Segment Start: EXTRACTED MATERIAL

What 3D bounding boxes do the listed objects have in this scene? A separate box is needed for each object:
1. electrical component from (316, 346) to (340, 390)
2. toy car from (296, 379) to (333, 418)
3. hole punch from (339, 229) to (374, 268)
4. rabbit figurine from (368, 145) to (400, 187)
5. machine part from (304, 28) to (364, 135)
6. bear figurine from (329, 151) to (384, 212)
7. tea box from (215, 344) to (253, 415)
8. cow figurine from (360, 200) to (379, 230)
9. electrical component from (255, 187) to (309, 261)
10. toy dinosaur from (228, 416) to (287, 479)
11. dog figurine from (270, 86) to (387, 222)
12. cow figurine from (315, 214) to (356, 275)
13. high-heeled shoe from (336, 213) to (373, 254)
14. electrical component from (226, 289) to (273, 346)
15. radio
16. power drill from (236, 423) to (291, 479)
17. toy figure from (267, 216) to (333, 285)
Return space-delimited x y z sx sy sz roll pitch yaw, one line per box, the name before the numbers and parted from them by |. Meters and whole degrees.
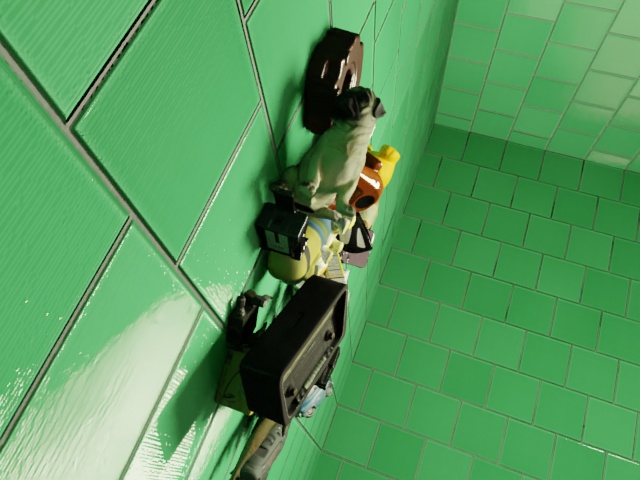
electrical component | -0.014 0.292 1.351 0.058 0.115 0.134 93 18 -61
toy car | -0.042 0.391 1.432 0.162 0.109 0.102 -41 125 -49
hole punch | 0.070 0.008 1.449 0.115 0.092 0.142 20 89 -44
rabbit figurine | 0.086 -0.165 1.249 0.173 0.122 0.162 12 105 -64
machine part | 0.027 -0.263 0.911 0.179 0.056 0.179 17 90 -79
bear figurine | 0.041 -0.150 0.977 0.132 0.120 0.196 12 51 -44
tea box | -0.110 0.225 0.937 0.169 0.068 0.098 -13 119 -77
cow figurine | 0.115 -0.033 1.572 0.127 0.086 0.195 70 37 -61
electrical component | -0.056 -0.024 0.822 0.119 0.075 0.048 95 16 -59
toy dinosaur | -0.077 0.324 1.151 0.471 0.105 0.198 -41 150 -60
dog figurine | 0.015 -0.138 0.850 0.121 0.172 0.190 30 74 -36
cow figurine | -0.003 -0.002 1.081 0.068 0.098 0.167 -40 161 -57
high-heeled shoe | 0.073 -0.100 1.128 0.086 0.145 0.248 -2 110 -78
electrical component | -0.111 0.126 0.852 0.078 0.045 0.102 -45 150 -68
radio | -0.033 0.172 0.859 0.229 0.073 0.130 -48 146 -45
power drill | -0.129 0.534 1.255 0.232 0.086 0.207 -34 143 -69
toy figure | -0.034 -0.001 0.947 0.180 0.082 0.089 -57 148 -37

Segment End: EXTRACTED MATERIAL
Segment Start: EXTRACTED MATERIAL

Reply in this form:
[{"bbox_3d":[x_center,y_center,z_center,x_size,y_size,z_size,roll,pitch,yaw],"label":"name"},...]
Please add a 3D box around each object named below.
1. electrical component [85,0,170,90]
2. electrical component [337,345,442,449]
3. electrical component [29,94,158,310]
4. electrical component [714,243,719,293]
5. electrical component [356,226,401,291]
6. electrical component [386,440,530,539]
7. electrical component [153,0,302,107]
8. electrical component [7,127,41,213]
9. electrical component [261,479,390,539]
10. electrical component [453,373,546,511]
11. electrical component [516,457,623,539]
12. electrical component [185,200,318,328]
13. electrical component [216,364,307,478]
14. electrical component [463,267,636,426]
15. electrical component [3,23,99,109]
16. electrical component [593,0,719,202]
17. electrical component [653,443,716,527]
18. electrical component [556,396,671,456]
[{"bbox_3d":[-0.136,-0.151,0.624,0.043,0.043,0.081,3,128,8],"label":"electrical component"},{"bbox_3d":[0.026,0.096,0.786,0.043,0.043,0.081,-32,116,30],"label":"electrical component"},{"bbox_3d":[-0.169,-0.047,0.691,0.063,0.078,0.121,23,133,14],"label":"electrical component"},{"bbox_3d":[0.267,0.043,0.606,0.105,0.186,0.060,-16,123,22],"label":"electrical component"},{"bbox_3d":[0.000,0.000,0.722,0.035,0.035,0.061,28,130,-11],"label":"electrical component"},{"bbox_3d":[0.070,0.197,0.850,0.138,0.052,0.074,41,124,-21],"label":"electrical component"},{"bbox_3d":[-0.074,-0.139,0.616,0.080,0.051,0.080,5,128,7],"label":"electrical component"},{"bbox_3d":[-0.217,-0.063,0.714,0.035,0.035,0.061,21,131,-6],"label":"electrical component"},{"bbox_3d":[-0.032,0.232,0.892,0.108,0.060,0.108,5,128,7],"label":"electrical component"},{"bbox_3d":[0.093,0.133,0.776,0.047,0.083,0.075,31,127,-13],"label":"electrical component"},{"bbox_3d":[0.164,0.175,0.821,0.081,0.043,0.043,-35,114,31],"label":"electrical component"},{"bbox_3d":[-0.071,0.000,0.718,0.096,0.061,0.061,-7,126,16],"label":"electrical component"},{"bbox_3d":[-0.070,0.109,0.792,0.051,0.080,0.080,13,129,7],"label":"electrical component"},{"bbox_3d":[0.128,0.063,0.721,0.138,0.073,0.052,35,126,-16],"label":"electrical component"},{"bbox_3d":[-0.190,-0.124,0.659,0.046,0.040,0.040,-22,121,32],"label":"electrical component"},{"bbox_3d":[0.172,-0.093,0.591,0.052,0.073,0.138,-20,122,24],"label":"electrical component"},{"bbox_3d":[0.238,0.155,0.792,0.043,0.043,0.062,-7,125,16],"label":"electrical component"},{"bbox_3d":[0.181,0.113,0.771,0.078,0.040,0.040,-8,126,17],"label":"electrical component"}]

Segment End: EXTRACTED MATERIAL

### TASK GOAL
The answer is the lines above between the line holding "What 3D bounding" and the line holding "17. toy figure from (267, 216) to (333, 285)", inclusive, each written out exactly, and no others.

### RESPONSE BOX
What 3D bounding boxes do the listed objects have in this scene? A separate box is needed for each object:
1. electrical component from (316, 346) to (340, 390)
2. toy car from (296, 379) to (333, 418)
3. hole punch from (339, 229) to (374, 268)
4. rabbit figurine from (368, 145) to (400, 187)
5. machine part from (304, 28) to (364, 135)
6. bear figurine from (329, 151) to (384, 212)
7. tea box from (215, 344) to (253, 415)
8. cow figurine from (360, 200) to (379, 230)
9. electrical component from (255, 187) to (309, 261)
10. toy dinosaur from (228, 416) to (287, 479)
11. dog figurine from (270, 86) to (387, 222)
12. cow figurine from (315, 214) to (356, 275)
13. high-heeled shoe from (336, 213) to (373, 254)
14. electrical component from (226, 289) to (273, 346)
15. radio
16. power drill from (236, 423) to (291, 479)
17. toy figure from (267, 216) to (333, 285)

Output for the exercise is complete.